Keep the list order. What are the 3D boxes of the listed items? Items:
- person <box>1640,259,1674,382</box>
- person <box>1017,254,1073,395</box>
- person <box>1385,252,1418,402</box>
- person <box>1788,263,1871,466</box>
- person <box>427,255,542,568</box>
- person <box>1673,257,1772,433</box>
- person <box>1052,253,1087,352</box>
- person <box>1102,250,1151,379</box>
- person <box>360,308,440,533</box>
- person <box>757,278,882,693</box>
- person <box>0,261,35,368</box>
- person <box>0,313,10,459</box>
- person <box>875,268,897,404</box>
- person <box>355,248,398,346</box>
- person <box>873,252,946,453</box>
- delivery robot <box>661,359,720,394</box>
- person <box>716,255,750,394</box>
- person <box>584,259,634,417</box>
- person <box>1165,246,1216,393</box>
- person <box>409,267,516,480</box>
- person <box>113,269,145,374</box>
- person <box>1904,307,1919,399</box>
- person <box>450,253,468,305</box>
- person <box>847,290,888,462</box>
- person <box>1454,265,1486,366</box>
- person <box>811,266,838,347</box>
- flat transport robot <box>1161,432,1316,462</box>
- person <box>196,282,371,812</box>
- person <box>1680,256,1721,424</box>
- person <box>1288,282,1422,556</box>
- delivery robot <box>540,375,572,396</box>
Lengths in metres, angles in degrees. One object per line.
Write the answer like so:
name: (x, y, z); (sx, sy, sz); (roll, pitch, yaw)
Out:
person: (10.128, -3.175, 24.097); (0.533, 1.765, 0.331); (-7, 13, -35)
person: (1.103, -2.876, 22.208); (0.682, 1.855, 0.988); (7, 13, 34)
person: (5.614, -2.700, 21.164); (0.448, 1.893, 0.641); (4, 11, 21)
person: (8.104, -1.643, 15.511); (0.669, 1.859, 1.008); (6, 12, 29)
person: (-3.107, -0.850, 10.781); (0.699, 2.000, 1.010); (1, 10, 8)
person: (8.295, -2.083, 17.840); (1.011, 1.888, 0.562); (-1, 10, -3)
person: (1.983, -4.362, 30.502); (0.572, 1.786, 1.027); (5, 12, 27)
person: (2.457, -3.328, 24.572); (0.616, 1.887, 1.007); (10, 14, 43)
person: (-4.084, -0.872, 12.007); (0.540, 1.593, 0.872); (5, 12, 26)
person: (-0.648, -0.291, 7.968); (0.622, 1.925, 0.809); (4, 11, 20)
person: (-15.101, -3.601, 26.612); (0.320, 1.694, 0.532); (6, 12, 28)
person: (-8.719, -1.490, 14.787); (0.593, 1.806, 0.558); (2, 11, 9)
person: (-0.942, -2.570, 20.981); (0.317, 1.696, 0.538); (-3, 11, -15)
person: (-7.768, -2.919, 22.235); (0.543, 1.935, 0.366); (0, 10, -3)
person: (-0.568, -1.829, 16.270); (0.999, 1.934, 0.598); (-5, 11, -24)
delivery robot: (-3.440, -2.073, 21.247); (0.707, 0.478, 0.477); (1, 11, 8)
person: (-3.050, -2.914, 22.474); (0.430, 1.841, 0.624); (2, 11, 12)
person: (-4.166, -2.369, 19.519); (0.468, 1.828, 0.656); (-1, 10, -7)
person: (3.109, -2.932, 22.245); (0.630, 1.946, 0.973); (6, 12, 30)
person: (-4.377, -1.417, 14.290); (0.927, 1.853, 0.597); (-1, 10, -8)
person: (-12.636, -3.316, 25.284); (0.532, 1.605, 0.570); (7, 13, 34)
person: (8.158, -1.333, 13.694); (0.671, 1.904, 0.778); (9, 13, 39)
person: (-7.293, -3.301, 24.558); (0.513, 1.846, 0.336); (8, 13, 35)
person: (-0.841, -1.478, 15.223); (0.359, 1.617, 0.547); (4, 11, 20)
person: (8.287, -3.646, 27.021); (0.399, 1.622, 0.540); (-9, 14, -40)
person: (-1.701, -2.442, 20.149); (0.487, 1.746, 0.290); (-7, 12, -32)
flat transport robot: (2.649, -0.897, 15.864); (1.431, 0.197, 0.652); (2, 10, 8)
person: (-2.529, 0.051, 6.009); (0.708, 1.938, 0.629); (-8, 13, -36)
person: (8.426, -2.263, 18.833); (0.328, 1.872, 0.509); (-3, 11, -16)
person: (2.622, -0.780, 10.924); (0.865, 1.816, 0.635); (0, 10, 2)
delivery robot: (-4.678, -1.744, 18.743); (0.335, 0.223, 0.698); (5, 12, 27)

==================================================

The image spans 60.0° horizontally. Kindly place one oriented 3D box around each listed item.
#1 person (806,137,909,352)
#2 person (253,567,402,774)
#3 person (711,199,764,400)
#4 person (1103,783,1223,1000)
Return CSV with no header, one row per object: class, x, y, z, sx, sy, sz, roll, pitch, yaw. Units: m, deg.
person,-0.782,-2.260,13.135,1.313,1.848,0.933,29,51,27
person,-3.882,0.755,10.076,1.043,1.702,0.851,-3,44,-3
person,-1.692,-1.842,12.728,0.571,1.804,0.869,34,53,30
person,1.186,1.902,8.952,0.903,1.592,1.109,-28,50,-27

==================================================

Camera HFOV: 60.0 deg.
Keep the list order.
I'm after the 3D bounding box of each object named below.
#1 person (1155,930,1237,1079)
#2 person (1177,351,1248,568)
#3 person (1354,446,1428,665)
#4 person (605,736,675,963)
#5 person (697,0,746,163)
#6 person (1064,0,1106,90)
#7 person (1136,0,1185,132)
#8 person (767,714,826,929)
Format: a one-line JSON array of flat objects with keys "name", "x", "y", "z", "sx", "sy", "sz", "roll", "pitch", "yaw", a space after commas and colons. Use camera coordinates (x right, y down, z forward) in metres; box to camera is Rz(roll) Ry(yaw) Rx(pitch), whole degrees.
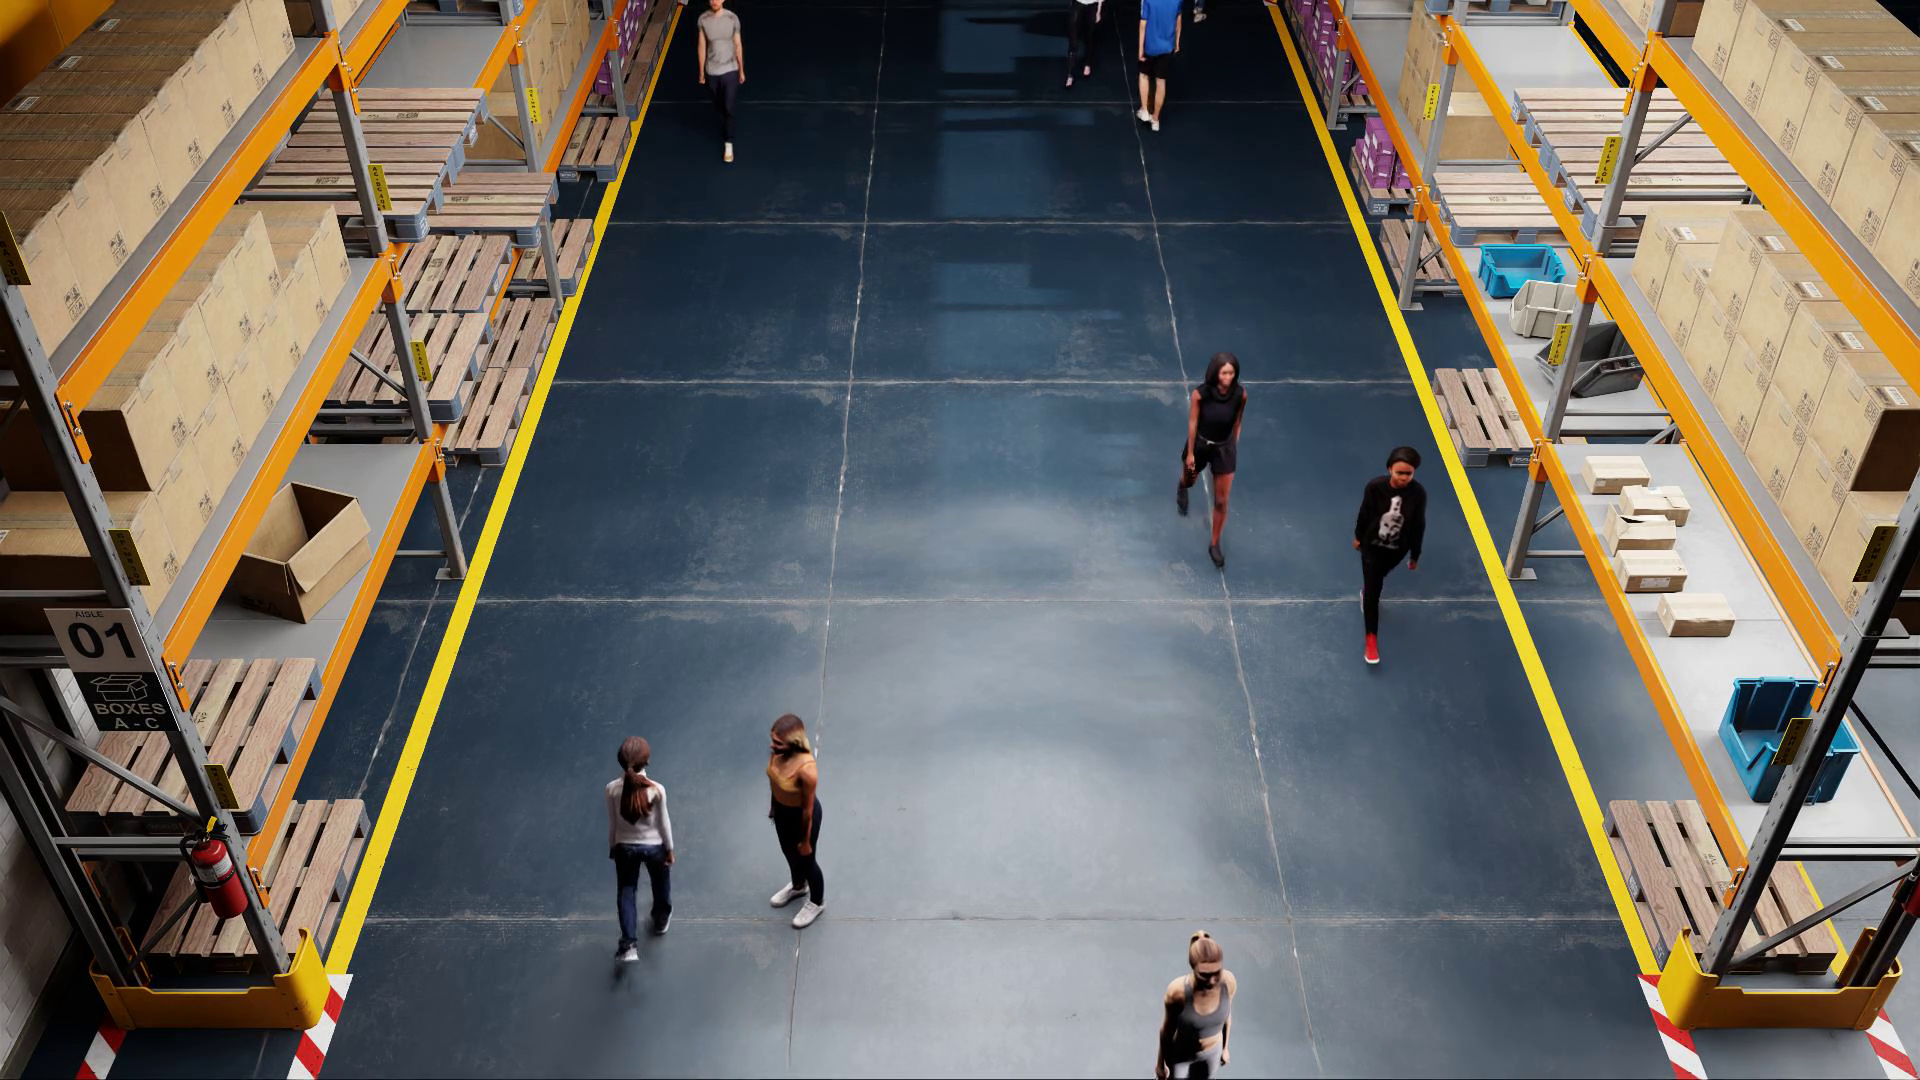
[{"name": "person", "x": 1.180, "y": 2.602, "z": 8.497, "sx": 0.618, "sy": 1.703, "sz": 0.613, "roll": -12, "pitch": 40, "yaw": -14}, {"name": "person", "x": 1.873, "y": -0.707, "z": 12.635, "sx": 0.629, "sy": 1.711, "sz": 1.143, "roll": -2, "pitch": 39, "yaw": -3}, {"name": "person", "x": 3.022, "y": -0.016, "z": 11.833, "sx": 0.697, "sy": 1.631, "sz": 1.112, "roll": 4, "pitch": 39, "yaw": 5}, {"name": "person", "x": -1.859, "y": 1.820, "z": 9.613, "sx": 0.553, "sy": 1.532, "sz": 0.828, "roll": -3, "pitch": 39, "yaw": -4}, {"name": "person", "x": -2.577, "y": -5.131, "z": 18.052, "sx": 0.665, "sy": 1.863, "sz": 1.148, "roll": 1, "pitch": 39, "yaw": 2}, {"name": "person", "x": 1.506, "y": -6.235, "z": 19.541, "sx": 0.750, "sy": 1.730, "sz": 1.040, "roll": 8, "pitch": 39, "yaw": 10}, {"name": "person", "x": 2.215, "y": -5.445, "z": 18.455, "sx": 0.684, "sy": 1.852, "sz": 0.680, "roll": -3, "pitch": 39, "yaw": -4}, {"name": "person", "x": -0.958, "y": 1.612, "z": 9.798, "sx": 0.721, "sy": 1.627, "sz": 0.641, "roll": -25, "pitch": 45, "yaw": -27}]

==================================================

◆ **DESCRIPTION OF THE TASK**: Please reproduce exactly the lines in the listing above from the one containing "Keep the list order. What" through the one containing "- person <box>360,308,440,533</box>", both included, and nothing more.

◆ **YOUR RESPONSE**:
Keep the list order. What are the 3D boxes of the listed items? Items:
- person <box>1640,259,1674,382</box>
- person <box>1017,254,1073,395</box>
- person <box>1385,252,1418,402</box>
- person <box>1788,263,1871,466</box>
- person <box>427,255,542,568</box>
- person <box>1673,257,1772,433</box>
- person <box>1052,253,1087,352</box>
- person <box>1102,250,1151,379</box>
- person <box>360,308,440,533</box>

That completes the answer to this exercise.